Why do we need to use Resistance Temperature Detector in bioreactor?3 answersResistance Temperature Detectors (RTDs) are used in bioreactors for temperature measurement. RTDs are sensors that can accurately measure temperature and are commonly used in various industries, including biotechnology. In the context of bioreactors, temperature control is crucial for maintaining optimal conditions for biological processes. RTDs provide reliable and precise temperature measurements, allowing for effective monitoring and control of the bioreactor environment. They are particularly important in single-use bioreactors, where sensors need to be cost-effective and suitable for disposable systems. RTDs can be integrated into the bioreactor system, such as being placed in a tray or directly contacting the bioreactor surface, to ensure accurate temperature sensing.
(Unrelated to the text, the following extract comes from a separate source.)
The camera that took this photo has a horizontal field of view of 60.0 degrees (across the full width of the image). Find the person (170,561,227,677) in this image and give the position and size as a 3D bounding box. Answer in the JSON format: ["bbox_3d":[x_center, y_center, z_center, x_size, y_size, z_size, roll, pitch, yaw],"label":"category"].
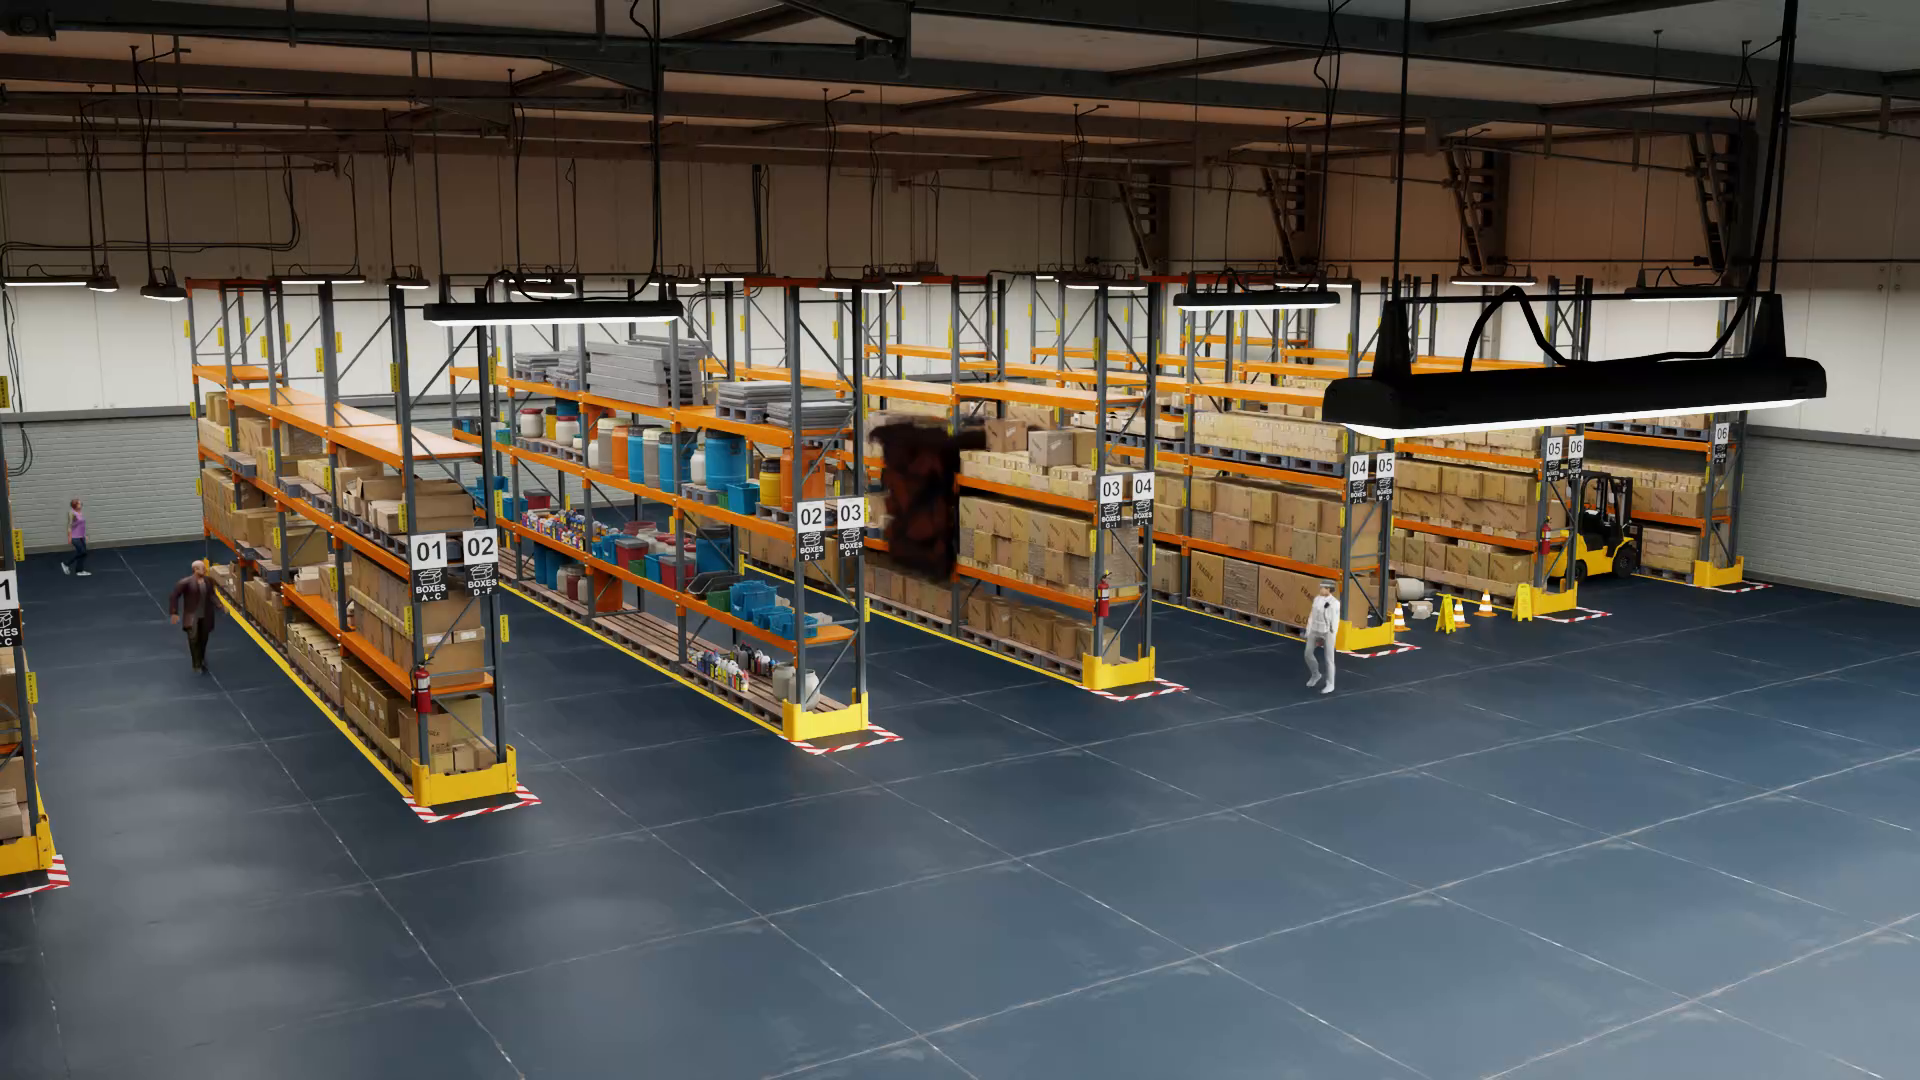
[{"bbox_3d":[-11.846,1.209,25.847,0.793,1.812,0.936,-6,11,-31],"label":"person"}]

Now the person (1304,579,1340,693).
[{"bbox_3d":[5.371,1.399,24.642,0.389,1.692,0.511,-9,13,-44],"label":"person"}]

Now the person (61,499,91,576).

Overall, the use of RTDs in bioreactors enables efficient temperature monitoring, which is essential for successful bioprocesses.
What is the energy consumption of membrane bioreactors?5 answersMembrane bioreactors (MBRs) have been studied for their energy consumption. One study found that a novel MBR employing reciprocating motion had a specific energy demand (SED) ranging from 0.003 to 0.015 kWh/m3, resulting in up to an 85% reduction in energy consumption compared to conventional MBRs. Another study developed a low energy consumption vortex wave flow MBR, which had an average energy consumption of 1.90 ± 0.55 kWh/m3, only two-thirds of conventional MBR energy consumption. A comparison between MBRs and activated sludge systems showed that MBRs can operate at similar or lower energy consumption levels, around 3 kWh/m3, while producing treated water suitable for unrestricted crop irrigation. Additionally, a study on side-stream MBRs found that the specific energy consumption varied depending on the mixed liquor suspended solids concentration and the amount of backwashes. Overall, the energy consumption of MBRs can vary depending on the specific design and operational parameters.
How to calculate kLa by oxygen balance out?5 answersThe volumetric oxygen transfer coefficient (kLa) can be calculated using the oxygen balance method. This method involves measuring the oxygen consumption by the microorganism and using the integrated form of the oxygen balance equation to determine kLa. Another approach is to use a gas balance method coupled with sulphite oxidation, which is suitable for various types of reactors and can provide comparable results to other methods. Additionally, simulation studies have shown that KLa values for O2 and CO2 can be determined from gas phase measurements by applying step changes to the concentrations in the liquid phase and considering the gas phase dynamics. Overall, these methods provide ways to calculate kLa by considering the oxygen balance and gas phase dynamics.